Six Dots is a delightful surprise and curiosity-generating story. I really honestly had not thought about who Louis Braille was beyond obviously being the person behind the Braille language. That said, Jen Bryant did an excellent job researching the facts of young Louis Braille, the time period, and then filling in the blanks with literary details and adding illustrations by Boris Kulikov, to make the story personal and inspiring.
This story highlights Louis as an eager learner with a heart bigger than his five-year-old self. What you probably didn’t know that Louis Braille lost his vision at five due to an accident. Louis could have taken the woe-is me path, but instead, he kept looking for books that did not exist, so he could read as a young blind boy. Even when at the Blind School, which I am sure was much more dreary and miserable than the author describes, he wants to read more and does not accept the current standard as enough. Inspired by a wartime encryption method as a tween, he goes on as a teenager to perfect the six-dot Braille system used today.

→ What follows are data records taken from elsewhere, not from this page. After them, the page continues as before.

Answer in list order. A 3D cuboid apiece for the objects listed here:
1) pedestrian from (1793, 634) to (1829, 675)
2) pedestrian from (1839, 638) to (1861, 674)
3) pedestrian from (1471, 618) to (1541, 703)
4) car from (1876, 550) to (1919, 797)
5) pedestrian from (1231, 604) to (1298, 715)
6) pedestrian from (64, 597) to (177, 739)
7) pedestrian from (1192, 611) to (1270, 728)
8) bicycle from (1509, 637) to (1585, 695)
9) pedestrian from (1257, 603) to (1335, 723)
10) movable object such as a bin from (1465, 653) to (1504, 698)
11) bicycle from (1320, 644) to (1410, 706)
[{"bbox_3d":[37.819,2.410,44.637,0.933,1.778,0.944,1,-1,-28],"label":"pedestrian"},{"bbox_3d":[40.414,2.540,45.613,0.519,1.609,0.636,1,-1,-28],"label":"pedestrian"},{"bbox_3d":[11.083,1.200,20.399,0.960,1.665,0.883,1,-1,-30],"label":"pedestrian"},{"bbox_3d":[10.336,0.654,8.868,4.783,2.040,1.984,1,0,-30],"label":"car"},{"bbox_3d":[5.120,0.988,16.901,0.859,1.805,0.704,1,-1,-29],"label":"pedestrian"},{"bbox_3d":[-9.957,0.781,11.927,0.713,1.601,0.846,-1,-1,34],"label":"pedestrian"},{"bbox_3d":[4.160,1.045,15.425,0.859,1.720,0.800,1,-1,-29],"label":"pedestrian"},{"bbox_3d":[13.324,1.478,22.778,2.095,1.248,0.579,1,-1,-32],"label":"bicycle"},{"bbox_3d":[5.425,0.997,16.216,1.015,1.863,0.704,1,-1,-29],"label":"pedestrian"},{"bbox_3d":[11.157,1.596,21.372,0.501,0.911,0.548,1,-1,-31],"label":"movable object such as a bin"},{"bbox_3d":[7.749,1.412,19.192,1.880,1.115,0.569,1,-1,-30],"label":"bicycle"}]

The creators of this book present an accurate version of his young life that connects with its readers. I always love when books inspire one (myself included) to want to go and learn more about a topic or person. This book will certainly generate more curiosity in Louis Braille and the language system. The inside back of the book does present the Braille alphabet in picture but not a tactile version. I really hope that there is a Braille version for young readers, sighted or not, out there. The book itself is geared more towards maybe a 6-9 year olds to start as the story has more words than your average toddler could sit through. However, even older children may enjoy reading the story. It could make for a fun ‘first book club’ book given the thoughtful author question and answer section at the end, complete with resources to go and learn more.
I absolutely recommend this book and would encourage elementary school teachers to also include it in their classrooms, maybe for a Blind Awareness Month (October) or Braille Literacy Month (January) or National Reading Month (March) or, ok, you get it, an anytime project!